Besides, Score was the sort of luckless person to whom bad things always seemed to happen. At 3, his legs were crushed when he was run over by a truck; doctors feared he might never walk again. Several years later, rheumatic fever put him in bed for eight months. In high school, he broke an ankle in a fall. He had an emergency appendectomy and twice was rejected for military service because of high blood pressure. He suffered two attacks of pneumonia and was afflicted during his 20-9 season in 1956 by a spastic colon.

Nor did the black cloud vanish with time. In 1998, the year after his retirement from broadcasting, he suffered a badly cut head, six broken ribs and a collapsed lung in an auto accident that left him in an Ohio hospital for two months. Doctors termed his recovery at age 65 miraculous.

But for drama and heartbreak, nothing matched the disaster before 14,000 spectators at Municipal Stadium. All pitchers know that being seriously injured by a batted ball is an occupational hazard. Most put the danger out of their minds — until it literally strikes.

McDougald’s shot left Score with a broken nose and hemorrhaging of the right cheekbone and eyebrow. Fortunately, his skull was not fractured nor his retina detached. Of course, in the first frantic moments after the injury, no one knew how severe the damage was.

“Out of my left eye, I could see players standing around, but I didn’t know who they were,” Score recalled in a Look magazine article three months later. “Our trainer was holding towels against the eye. I told him, ‘Get those towels away from me or I’ll drown in my own blood.’”

At Lakeside Hospital, Score was examined by Dr. Charles Thomas, an opthamologist. “I want you to tell me what the story is,” Score said. “It’s my eye, and I want to know — the best and the worst.”

Thomas replied, “Right now it’s too early to tell much. But the fact that you can see some light is encouraging.”

Even in his moments of greatest distress, Score’s considerate nature shone through. The next day he sent a message to McDougald telling him not to feel bad, that the injury hadn’t been his fault. And in the magazine article, he wrote, “No matter what happened, I’d be better off than people who had never known or would know what light was like, I would be able to at least see out of one eye.”

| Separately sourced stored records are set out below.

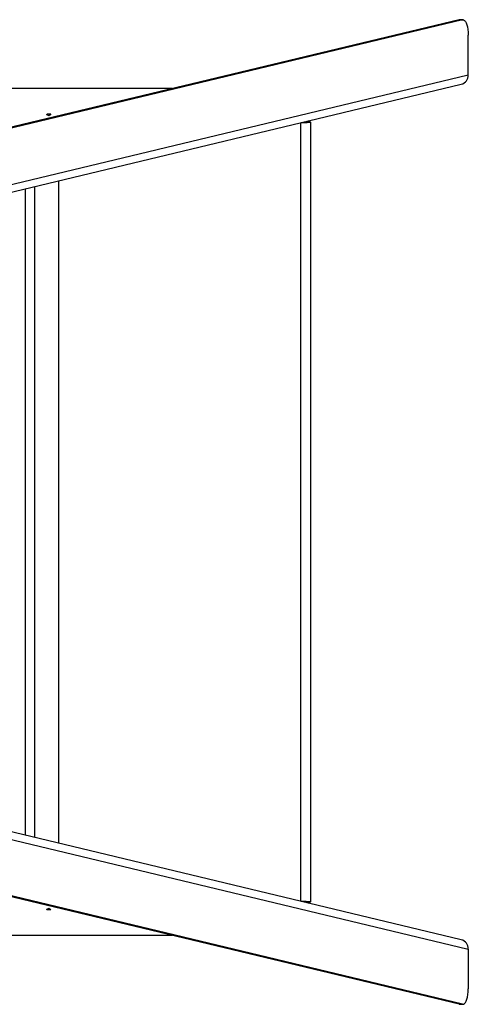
# Model space of a CAD drawing. Header units: inches. Extents: x 14 to 105, y 12 to 131.
# Tile 7 of 7: x 37 to 51, y 102 to 131. Entities that reach past the tile are written whole.
import ezdxf

# ---------------------------------------------------------------- set-up
doc = ezdxf.new("R2010")
doc.units = ezdxf.units.IN
doc.header["$MEASUREMENT"] = 0

msp = doc.modelspace()

# ---------------------------------------------------------------- linework, layer by layer
for p, q in [((50.415, 131.177), (33.206, 127.047)), ((50.517, 131.173), (33.286, 127.039)), ((50.431, 131.178), (50.415, 131.177)), ((50.415, 131.177), (50.517, 131.173)), ((50.533, 131.175), (50.431, 131.178)), ((50.688, 129.517), (50.688, 130.716)), ((33.261, 125.335), (50.688, 129.517)), ((41.787, 129.106), (19.602, 129.106)), ((33.049, 125.055), (50.479, 129.238)), ((38.016, 128.324), (38.038, 128.336)), ((38.016, 128.324), (38.084, 128.303)), ((38.145, 128.336), (38.038, 128.336)), ((38.084, 128.303), (38.145, 128.336)), ((38.084, 128.303), (38.145, 128.333)), ((38.145, 128.333), (38.145, 128.336)), ((45.658, 104.676), (45.658, 128.081)), ((45.842, 128.104), (45.815, 128.119)), ((45.842, 128.104), (45.95, 128.104)), ((45.95, 128.104), (45.89, 128.137)), ((45.954, 104.654), (45.954, 128.102)), ((37.389, 106.66), (37.389, 126.097)), ((37.667, 106.593), (37.667, 126.164)), ((38.373, 126.333), (38.373, 106.424)), ((50.479, 103.519), (33.049, 107.701)), ((33.261, 107.421), (50.688, 103.239)), ((50.415, 101.58), (33.206, 105.71)), ((50.517, 101.583), (33.286, 105.718)), ((45.815, 104.638), (45.842, 104.652)), ((45.842, 104.652), (45.95, 104.652)), ((45.89, 104.62), (45.95, 104.652)), ((38.084, 104.454), (38.016, 104.433)), ((38.038, 104.421), (38.016, 104.433)), ((38.145, 104.421), (38.038, 104.421)), ((38.145, 104.423), (38.084, 104.454)), ((38.145, 104.421), (38.084, 104.454)), ((38.145, 104.421), (38.145, 104.423)), ((41.787, 103.65), (30.738, 103.65)), ((50.688, 103.239), (50.688, 102.04)), ((50.415, 101.58), (50.517, 101.583)), ((50.431, 101.578), (50.415, 101.58)), ((50.431, 101.578), (50.533, 101.582))]:
    msp.add_line(p, q)
at = {"flags": 128}
for points in [[(50.517, 131.173), (50.547, 131.173), (50.576, 131.157), (50.603, 131.127), (50.627, 131.083), (50.648, 131.027), (50.665, 130.96), (50.678, 130.884), (50.685, 130.802), (50.688, 130.716)], [(50.517, 101.583), (50.547, 101.584), (50.576, 101.599), (50.603, 101.63), (50.627, 101.673), (50.648, 101.73), (50.665, 101.797), (50.678, 101.873), (50.685, 101.955), (50.688, 102.04)]]:
    msp.add_lwpolyline(points, dxfattribs=at)
for centre, start, end in [((50.405, 129.511), 284.9972, 1.2938), ((50.405, 103.246), 358.7062, 75.0028)]:
    msp.add_arc(centre, 0.283, start, end)
for points, knots in [([(45.67, 128.084), (45.699, 128.085), (45.762, 128.088), (45.847, 128.092), (45.913, 128.096), (45.951, 128.099), (45.95, 128.102), (45.95, 128.102)], [0, 0, 0, 0, 0.1921915, 0.4133352, 0.634479, 0.8556227, 1, 1, 1, 1]), ([(45.95, 104.654), (45.951, 104.655), (45.953, 104.657), (45.922, 104.66), (45.86, 104.664), (45.774, 104.668), (45.706, 104.671), (45.672, 104.673), (45.67, 104.673)], [0, 0, 0, 0, 0.106758, 0.327788, 0.548817, 0.769846, 0.990876, 1, 1, 1, 1])]:
    msp.add_open_spline(points, degree=3, knots=knots)
for points in [[(45.844, 128.103), (45.844, 128.104), (45.843, 128.104), (45.842, 128.104)], [(45.952, 128.104), (45.951, 128.104), (45.951, 128.104), (45.95, 128.104)]]:
    msp.add_open_spline(points, degree=3)

doc.saveas('drawing.dxf')

Three weeks after being hit, Score left the hospital and went to his uncle’s home in Hagerstown, Md., to continue his recuperation. He never pitched again in 1957, but by the following spring he appeared fully recovered. In his second start, he struck out “13 or 14” but didn’t work again for 10 days because of bad weather. When he took the mound again on a cold, rainy day, he felt pain in his golden arm in the sixth inning. He finished the game but then went on the disabled list for most of the season.

Over his last five years with the Indians and Chicago White Sox, Score’s record was only 15-26. In 1959, he managed to win nine games before the All-Star break but went winless the rest of the year as the second-place Indians finished five games behind Chicago. With a healthy Score, Cleveland probably would have won its only pennant between 1954 and 1995.

Ironically, McDougald sustained a serious injury when he was hit in the head by a ball in batting practice two years earlier. The injury led to a progressive hearing loss beginning in 1960 that left him deaf for 15 years before his hearing was restored in 1994 by an electronic device implanted in his head.

But on May 7, 1957, Score was the victim of perhaps the worst baseball injury since another Indians player, shortstop Ray Chapman, had been killed by a pitch 37 years earlier. Score’s reaction to and acceptance of his fate proved that he was as admirable a person as he was a pitcher, which means very admirable indeed.

“Maybe it’s better the way things turned out for Herb,” McDougald said four decades later. “Sometimes when adversity strikes, it’s for the best.”

Considering Herb Score’s enormous and largely unfulfilled talent on the mound, that’s hard to believe.